Since some people probably bought it anyway, rejoice about that: concentrate
on your customers. Don't inconvenience them. See if you can make it more
convenient to buy, for potential conversion.

That's about it, really. Don't try to do something impossible or stupid like
trying to take things down off the internet, or trying to make your software
uncrackable: neither of those are going to happen and you'll look like a fool
(and inconvenience your customers and make enemies) trying.

If this submission's more of a comment on Stack Overflow's well-known
propensity to lock every question in the known universe as offtopic or
answered, I don't really know what to say to that. ;)

------
superasn

        If someone thought your product was good enough to be worth their time to crack it, you must be doing something right.
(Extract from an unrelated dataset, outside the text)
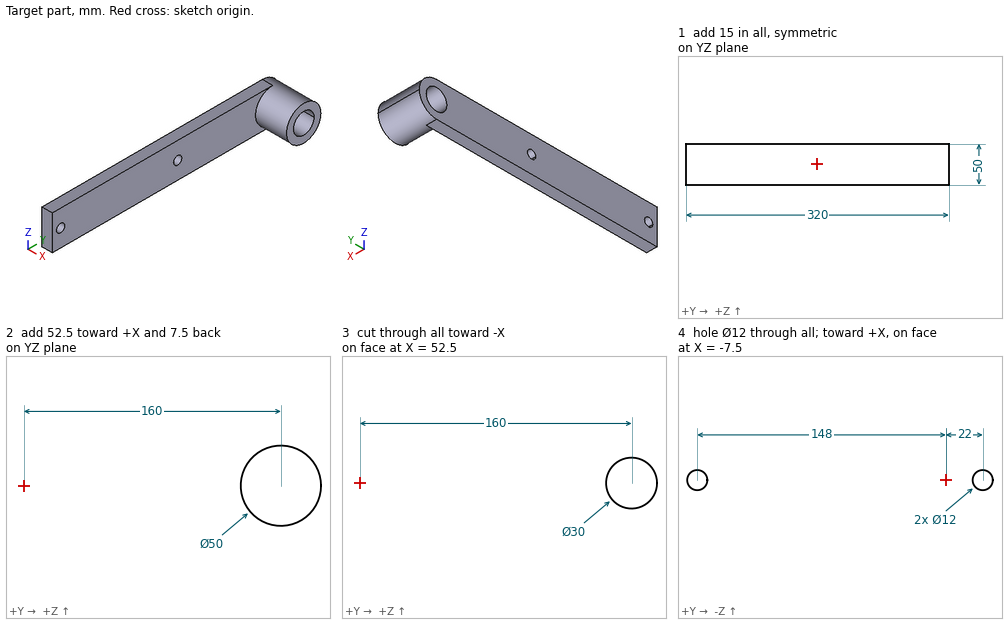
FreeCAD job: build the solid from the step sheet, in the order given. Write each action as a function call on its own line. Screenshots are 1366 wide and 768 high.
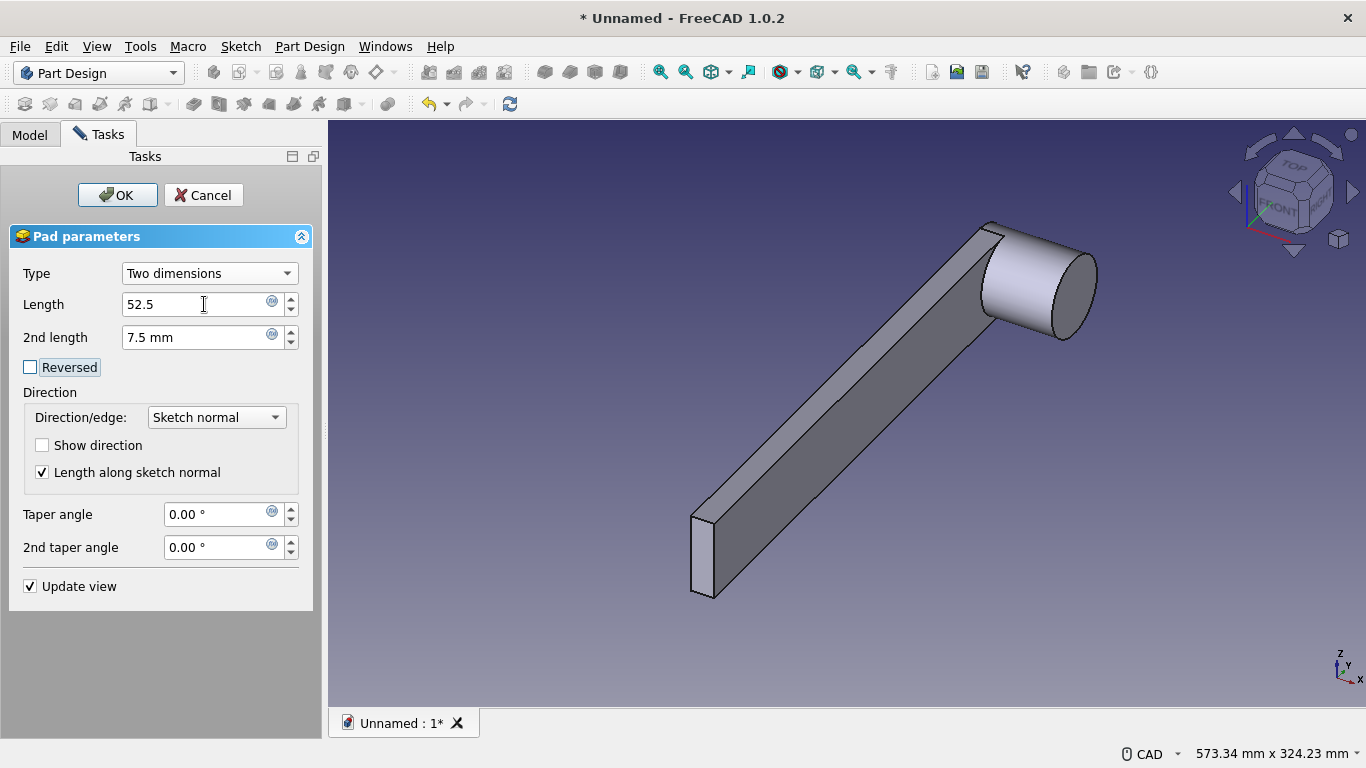
click(118, 195)

Remember that there are more honest people in the world than dishonest and you won't get the dishonest people to buy your product whatever you do. So concentrate on keeping your honest customers happy.
    

I think this is the best answer when dealing with such situations. A lot of
people make it an ego issue and waste precious time filing DRM complaints,
adding checks, etc which not only makes the software bloated but that precious
time could be used to add features requested by the paying customers.